:: Records provided
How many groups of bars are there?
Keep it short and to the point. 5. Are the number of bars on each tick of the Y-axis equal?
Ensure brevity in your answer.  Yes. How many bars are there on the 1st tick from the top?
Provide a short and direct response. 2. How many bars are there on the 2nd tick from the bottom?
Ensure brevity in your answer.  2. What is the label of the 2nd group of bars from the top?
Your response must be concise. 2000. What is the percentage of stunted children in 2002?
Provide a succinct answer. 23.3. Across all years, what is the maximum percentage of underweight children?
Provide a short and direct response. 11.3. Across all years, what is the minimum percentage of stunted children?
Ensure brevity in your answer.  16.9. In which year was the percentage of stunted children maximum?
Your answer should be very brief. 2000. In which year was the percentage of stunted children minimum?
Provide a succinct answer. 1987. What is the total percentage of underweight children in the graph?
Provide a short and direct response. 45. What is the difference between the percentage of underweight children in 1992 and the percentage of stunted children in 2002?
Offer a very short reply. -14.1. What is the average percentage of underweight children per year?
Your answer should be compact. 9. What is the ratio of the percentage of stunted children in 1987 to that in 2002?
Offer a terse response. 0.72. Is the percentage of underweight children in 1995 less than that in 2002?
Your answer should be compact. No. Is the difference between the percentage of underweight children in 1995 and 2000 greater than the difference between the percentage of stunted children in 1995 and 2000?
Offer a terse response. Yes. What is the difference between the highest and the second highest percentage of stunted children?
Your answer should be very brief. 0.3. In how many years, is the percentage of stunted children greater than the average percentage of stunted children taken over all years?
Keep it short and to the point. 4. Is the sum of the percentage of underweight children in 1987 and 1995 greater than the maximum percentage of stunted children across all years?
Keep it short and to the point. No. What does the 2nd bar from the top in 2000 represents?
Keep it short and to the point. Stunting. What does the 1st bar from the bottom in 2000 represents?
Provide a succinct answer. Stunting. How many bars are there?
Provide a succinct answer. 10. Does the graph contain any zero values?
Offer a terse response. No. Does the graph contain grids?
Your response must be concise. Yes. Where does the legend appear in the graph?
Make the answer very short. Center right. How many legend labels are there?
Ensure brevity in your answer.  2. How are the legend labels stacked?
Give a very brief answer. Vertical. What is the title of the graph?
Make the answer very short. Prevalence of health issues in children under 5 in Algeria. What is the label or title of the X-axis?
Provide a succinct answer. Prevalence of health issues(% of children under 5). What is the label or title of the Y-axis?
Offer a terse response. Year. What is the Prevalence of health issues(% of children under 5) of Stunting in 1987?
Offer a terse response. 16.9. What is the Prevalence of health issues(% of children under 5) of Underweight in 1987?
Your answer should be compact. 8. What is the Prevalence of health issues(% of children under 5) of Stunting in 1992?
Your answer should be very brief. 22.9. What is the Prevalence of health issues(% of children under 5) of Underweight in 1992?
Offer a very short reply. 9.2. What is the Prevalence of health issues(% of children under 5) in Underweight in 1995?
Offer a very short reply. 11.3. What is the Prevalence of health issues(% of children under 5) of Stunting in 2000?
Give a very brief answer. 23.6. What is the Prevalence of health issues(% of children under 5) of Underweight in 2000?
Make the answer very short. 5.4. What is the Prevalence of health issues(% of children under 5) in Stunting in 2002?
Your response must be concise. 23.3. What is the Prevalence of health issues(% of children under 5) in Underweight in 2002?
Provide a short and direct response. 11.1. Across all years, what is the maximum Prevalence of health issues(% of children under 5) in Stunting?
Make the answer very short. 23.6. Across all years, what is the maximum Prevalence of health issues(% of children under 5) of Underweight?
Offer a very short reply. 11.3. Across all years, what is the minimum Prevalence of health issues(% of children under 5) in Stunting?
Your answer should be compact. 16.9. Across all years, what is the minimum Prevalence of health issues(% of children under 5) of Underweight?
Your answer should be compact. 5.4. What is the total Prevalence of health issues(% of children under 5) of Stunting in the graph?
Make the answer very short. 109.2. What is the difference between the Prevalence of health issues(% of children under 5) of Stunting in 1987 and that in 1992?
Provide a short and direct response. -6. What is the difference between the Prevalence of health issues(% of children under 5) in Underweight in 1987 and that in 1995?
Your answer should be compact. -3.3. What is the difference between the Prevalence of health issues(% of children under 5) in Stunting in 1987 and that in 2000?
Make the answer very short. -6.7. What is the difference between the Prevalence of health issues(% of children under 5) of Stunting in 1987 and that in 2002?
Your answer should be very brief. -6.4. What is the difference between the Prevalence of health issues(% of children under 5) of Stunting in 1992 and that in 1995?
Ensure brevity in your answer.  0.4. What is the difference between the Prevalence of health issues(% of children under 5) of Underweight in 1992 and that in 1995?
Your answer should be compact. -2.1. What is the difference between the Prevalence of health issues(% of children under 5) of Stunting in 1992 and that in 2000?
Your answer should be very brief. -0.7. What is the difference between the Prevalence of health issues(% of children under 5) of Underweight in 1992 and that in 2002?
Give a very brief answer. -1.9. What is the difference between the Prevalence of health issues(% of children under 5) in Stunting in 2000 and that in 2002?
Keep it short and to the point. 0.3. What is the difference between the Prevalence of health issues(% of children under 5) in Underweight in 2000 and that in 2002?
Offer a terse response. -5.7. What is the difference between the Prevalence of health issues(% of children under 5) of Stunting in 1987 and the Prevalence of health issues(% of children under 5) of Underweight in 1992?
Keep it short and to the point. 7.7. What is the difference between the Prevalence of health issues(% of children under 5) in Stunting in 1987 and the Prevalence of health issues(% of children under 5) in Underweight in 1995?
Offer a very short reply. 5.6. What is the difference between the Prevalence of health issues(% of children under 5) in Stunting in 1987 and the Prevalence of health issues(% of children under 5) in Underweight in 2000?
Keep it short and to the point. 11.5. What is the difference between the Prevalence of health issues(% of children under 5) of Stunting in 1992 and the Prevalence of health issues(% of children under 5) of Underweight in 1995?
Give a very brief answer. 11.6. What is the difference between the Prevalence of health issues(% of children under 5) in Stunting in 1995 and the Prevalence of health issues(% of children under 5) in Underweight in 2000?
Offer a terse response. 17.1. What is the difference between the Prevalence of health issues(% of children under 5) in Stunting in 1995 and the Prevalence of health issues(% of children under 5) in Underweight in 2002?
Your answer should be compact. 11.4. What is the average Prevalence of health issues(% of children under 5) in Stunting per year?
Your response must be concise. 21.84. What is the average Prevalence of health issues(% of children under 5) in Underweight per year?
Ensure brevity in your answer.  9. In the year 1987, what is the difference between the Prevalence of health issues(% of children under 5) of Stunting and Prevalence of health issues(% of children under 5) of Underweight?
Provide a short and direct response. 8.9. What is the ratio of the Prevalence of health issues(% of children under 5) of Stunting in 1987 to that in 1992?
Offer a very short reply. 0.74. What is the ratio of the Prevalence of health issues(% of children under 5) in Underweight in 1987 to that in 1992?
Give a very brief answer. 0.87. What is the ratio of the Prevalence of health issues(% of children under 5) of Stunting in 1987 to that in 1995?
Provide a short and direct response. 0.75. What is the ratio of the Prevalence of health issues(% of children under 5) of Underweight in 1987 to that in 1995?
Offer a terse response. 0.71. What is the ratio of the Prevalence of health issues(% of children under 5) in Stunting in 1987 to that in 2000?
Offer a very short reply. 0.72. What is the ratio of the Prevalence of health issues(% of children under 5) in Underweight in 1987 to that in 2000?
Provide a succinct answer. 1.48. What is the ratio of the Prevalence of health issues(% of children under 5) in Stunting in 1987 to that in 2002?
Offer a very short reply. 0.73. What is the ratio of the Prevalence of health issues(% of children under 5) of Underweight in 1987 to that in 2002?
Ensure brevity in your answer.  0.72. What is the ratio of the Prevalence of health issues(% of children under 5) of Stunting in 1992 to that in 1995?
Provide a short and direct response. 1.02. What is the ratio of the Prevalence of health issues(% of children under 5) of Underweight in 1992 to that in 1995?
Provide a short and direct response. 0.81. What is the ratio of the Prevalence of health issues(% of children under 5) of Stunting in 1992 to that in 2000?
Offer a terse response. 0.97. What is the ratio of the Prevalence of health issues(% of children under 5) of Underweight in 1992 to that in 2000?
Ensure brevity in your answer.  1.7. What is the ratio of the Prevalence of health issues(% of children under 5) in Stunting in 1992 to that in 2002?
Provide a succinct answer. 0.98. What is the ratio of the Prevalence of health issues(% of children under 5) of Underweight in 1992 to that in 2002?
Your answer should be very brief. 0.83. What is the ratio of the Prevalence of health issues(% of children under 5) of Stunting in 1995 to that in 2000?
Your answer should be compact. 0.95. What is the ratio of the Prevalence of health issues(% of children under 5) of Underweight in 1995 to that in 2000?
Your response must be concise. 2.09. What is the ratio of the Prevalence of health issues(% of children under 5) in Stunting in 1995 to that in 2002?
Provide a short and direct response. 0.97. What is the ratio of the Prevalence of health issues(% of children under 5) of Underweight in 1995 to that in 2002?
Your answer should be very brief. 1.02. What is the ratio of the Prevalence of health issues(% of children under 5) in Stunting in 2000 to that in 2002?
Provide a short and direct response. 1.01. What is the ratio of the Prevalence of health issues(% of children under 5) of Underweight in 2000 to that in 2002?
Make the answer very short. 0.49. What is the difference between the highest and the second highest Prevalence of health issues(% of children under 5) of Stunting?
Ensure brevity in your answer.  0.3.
::::
*Activity:* The entries above hold the needed span. Transcribe exactly the lines from the one with "Stunting in 1992 to that in 1995?" to the one with "Your answer should be very brief. 0.83.", both included.

*Output:*
Ensure brevity in your answer.  0.72. What is the ratio of the Prevalence of health issues(% of children under 5) of Stunting in 1992 to that in 1995?
Provide a short and direct response. 1.02. What is the ratio of the Prevalence of health issues(% of children under 5) of Underweight in 1992 to that in 1995?
Provide a short and direct response. 0.81. What is the ratio of the Prevalence of health issues(% of children under 5) of Stunting in 1992 to that in 2000?
Offer a terse response. 0.97. What is the ratio of the Prevalence of health issues(% of children under 5) of Underweight in 1992 to that in 2000?
Ensure brevity in your answer.  1.7. What is the ratio of the Prevalence of health issues(% of children under 5) in Stunting in 1992 to that in 2002?
Provide a succinct answer. 0.98. What is the ratio of the Prevalence of health issues(% of children under 5) of Underweight in 1992 to that in 2002?
Your answer should be very brief. 0.83. What is the ratio of the Prevalence of health issues(% of children under 5) of Stunting in 1995 to that in 2000?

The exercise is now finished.